- [ACTION ITEM]
Retype all the records below exactly as they are, with no image carried over.

- [Data extracted from a collection]
>>>
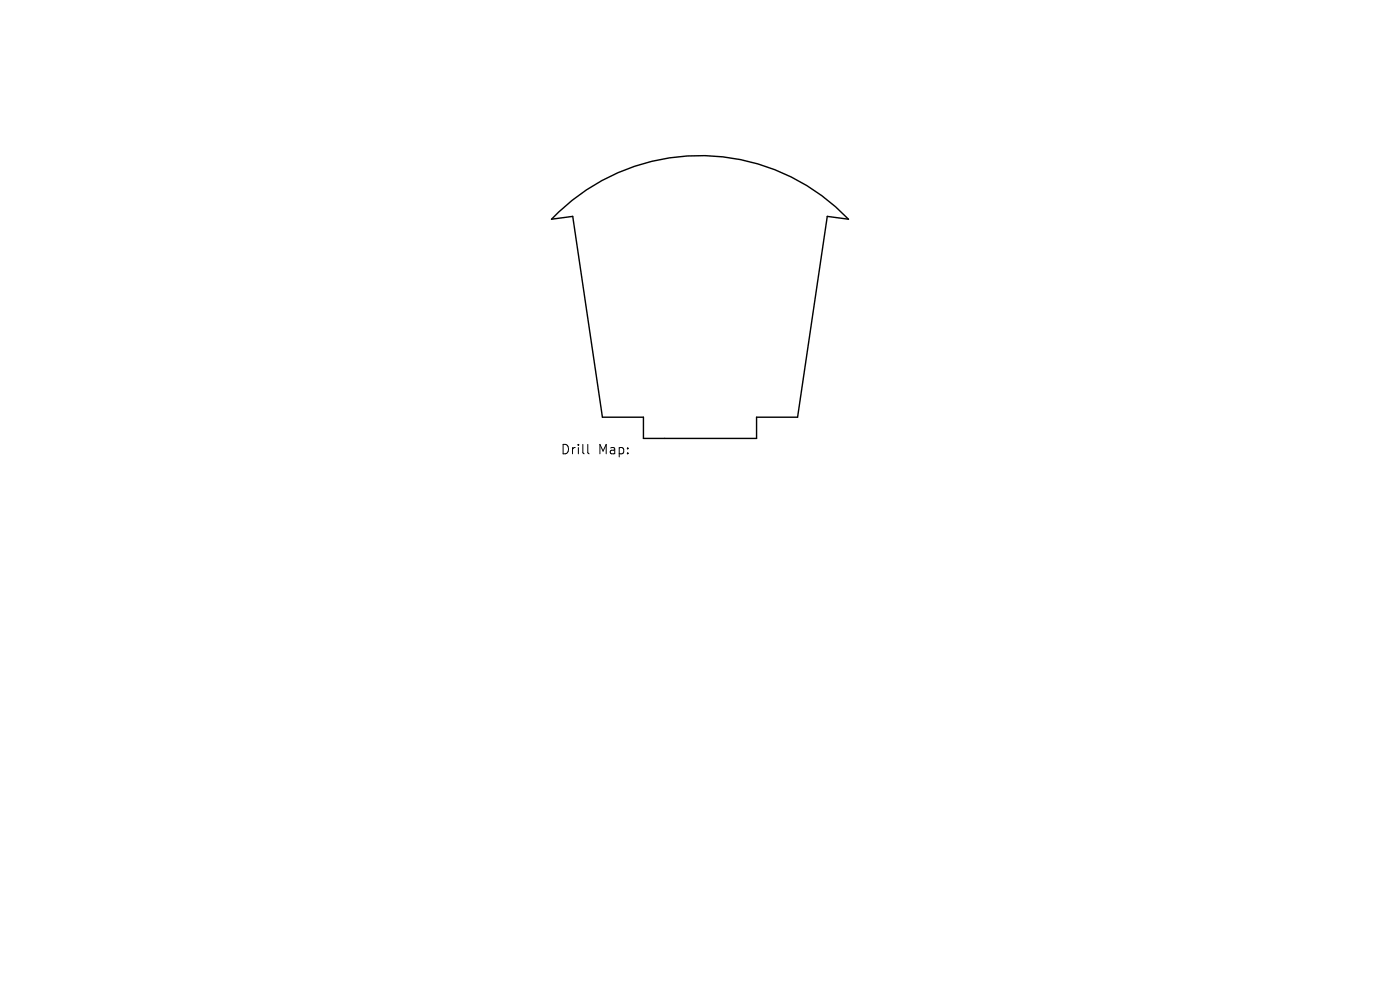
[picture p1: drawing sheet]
<svg xmlns="http://www.w3.org/2000/svg" width="297mm" height="210mm" viewBox="0 0 297 210" stroke-linecap="round" stroke-linejoin="round" font-family="sans-serif">
<defs><g id="words">
<g font-size="2.8">
<text x="118.9" y="96.7">Drill</text>
<text x="126.9" y="96.7">Map:</text>
</g>
</g></defs>
<path d="M117 46.5a43.5 43.5 0 0 1 63 0l-4.5-.6-6.3 42.6h-8.7v4.5h-24v-4.5h-8.7l-6.3-42.6z" fill="none" stroke="#000" stroke-width=".3"/>
<path d="M124.7 94.3v1.7l.3 .3" fill="none" stroke="#000" stroke-width=".21"/>
<use href="#words"/>
</svg>
<<<
- [REPLY]
[picture p1: drawing sheet]
<svg xmlns="http://www.w3.org/2000/svg" width="297mm" height="210mm" viewBox="0 0 297 210" stroke-linecap="round" stroke-linejoin="round" font-family="sans-serif">
<defs><g id="words">
<g font-size="2.8">
<text x="118.9" y="96.7">Drill</text>
<text x="126.9" y="96.7">Map:</text>
</g>
</g></defs>
<path d="M117 46.5a43.5 43.5 0 0 1 63 0l-4.5-.6-6.3 42.6h-8.7v4.5h-24v-4.5h-8.7l-6.3-42.6z" fill="none" stroke="#000" stroke-width=".3"/>
<path d="M124.7 94.3v1.7l.3 .3" fill="none" stroke="#000" stroke-width=".21"/>
<use href="#words"/>
</svg>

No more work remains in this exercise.